This Christmas season has been rough. There’s no denying it. And it seems as though everything came crashing down today. So I decided to do something for myself. I’m giving myself a Christmas gift.
There are times when I wish that gift would be something chocolate, or some wine, and normally it would be. I mean come on, why not unwind a little bit and relax? But this year, I’m giving myself something different. I’m giving myself peace.
I can finally have peace of mind. This comes after God has kicked me around a bit. I’ve had my Job time this year. And unfortunately, I haven’t come out of it with my faith as intact as Job’s, but I’m working on it. Everyone goes through these times. I’ve fought my depression as if it’s a huge war I’m waging. Now I’m calling a truce, at the very least, and hopefully this will be a full all out stop to the war.

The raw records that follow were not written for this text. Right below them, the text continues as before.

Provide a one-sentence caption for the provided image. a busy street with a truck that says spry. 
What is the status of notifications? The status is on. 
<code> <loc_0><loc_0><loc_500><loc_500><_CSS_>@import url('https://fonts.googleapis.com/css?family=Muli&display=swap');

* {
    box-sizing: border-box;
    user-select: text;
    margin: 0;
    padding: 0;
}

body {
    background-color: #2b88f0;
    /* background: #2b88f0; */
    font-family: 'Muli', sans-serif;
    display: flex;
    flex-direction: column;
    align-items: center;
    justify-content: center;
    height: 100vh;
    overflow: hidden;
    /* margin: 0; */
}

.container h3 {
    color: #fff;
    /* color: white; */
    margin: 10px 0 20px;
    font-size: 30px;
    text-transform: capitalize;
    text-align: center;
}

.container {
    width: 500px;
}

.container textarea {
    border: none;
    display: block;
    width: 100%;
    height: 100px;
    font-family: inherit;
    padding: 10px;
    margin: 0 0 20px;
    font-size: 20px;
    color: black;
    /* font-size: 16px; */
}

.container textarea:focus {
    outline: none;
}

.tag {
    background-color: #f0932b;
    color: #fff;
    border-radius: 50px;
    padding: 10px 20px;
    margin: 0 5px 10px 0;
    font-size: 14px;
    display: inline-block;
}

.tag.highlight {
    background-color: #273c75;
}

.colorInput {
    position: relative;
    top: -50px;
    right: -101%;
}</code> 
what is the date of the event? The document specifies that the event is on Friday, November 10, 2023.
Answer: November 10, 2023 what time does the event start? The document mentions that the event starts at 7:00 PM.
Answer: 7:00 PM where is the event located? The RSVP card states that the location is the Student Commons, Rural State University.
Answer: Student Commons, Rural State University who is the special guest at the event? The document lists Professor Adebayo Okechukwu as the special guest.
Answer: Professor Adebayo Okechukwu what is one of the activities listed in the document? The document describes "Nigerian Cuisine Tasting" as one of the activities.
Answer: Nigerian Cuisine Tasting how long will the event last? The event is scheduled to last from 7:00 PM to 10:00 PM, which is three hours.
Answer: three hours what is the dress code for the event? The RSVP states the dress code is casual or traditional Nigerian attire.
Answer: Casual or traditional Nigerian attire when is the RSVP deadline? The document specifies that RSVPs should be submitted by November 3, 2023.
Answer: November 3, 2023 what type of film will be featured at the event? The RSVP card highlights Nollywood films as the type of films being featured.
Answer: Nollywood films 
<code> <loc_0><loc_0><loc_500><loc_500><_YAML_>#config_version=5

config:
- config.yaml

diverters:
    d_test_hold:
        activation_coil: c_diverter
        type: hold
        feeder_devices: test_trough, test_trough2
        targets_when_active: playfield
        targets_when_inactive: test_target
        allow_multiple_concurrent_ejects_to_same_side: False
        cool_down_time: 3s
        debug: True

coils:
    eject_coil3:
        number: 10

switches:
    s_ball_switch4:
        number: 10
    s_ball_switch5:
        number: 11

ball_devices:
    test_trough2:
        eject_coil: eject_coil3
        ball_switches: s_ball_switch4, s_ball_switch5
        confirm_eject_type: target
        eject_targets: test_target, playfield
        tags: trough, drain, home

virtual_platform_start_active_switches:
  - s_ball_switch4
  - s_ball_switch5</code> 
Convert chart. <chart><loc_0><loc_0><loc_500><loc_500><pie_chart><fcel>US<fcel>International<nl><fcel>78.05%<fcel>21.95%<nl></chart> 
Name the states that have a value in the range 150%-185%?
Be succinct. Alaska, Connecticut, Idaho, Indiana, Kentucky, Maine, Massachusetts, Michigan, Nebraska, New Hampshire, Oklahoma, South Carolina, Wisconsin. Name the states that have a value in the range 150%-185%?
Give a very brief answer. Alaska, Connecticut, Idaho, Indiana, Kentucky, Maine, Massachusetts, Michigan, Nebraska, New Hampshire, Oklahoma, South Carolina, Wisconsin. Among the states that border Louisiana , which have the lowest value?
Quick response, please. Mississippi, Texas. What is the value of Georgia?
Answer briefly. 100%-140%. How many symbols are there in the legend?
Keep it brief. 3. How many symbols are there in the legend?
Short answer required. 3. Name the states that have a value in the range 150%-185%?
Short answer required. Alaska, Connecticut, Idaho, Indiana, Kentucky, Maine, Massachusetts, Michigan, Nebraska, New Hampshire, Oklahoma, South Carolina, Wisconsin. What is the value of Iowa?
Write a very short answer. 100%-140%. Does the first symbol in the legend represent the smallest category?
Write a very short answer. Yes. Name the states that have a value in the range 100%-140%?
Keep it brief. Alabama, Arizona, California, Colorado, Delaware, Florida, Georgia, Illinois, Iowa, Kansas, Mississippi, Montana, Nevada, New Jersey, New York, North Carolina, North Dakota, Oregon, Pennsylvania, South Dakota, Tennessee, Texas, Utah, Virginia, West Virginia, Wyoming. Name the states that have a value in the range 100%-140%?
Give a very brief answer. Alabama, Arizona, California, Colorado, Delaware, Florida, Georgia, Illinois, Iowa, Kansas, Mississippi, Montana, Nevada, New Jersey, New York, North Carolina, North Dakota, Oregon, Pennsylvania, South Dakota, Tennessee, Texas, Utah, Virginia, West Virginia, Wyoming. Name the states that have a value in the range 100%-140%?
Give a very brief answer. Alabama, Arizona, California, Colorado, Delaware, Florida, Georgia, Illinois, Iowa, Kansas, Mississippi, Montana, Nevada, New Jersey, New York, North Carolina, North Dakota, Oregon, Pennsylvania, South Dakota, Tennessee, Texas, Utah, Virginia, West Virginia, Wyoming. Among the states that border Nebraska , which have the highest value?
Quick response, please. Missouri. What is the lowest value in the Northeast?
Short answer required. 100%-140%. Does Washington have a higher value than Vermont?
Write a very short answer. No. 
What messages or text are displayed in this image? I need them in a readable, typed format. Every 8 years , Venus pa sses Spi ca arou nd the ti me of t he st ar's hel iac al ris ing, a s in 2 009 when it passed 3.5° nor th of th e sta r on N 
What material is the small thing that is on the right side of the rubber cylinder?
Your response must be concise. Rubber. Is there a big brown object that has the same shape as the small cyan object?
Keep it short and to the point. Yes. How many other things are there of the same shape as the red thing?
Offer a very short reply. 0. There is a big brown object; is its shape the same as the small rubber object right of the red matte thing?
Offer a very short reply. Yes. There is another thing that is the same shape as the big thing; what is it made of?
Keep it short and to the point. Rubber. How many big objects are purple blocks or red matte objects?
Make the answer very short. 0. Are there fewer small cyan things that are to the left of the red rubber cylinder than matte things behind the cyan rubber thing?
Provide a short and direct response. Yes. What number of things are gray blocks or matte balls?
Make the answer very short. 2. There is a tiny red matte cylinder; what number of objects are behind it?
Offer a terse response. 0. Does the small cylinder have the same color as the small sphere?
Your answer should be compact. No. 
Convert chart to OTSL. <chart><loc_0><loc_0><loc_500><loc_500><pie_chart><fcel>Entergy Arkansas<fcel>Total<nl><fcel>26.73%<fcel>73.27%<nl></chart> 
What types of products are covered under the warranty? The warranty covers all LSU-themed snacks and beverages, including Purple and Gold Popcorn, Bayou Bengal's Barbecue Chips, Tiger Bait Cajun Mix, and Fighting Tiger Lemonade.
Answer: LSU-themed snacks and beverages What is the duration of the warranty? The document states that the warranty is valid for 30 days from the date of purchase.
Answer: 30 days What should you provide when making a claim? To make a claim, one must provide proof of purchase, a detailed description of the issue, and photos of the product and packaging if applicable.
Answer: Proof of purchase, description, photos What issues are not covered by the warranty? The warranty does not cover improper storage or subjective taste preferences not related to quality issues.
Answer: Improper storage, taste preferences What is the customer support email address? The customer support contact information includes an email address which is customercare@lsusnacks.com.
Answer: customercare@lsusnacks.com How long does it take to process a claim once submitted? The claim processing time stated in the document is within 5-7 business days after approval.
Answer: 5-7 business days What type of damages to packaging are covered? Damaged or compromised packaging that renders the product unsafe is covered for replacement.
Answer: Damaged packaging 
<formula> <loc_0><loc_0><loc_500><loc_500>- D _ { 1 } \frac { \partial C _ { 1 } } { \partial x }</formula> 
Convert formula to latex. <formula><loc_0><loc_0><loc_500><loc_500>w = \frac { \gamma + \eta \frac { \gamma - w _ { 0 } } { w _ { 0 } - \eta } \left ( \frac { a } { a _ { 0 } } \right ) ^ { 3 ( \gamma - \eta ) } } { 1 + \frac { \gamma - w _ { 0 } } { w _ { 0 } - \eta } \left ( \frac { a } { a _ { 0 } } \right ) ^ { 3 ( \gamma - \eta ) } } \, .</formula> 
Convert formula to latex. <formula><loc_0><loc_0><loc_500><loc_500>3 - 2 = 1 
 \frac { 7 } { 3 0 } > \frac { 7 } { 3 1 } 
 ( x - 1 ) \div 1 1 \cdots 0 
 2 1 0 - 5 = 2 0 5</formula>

What is happening is that I’ve finally realized, to the fullest extent, that my place is not working for the church. See, here’s the deal. A while back there was a job opening at the local elementary school for someone to teach reading and be a playground aide. I considered, but then backed away from it through fear of the unknown. However, after being kicked around a bit more, there are two more openings. One at the elementary again, and this is the kicker: there’s one at the high school! The ages in which I am most adept at teaching! It’s only for the second semester of the school year, and no promises after that (the local school didn’t meet Annual Yearly Progress, which means they have to do something about the test scores). I really feel that I’m being led toward this. I can’t explain why. I just do. So I’ll try for it. If I get it, wonderful! If I don’t…Well, we’ll work that out later. I also know not to quit the job at the church quite yet. I still need that income to help me out until I know for sure what will happen with this job.
So, with a plan in place, I give myself peace. Granted I may need some help from the friendly local pharmacist (Xanax is wonderful still!), but overall I will have peace. I will let go of what I cannot control. I will not worry about it. I will be fine. So peace be with you! (If you’re Lutheran, I dare you to not answer, even in your mind: And also with you!)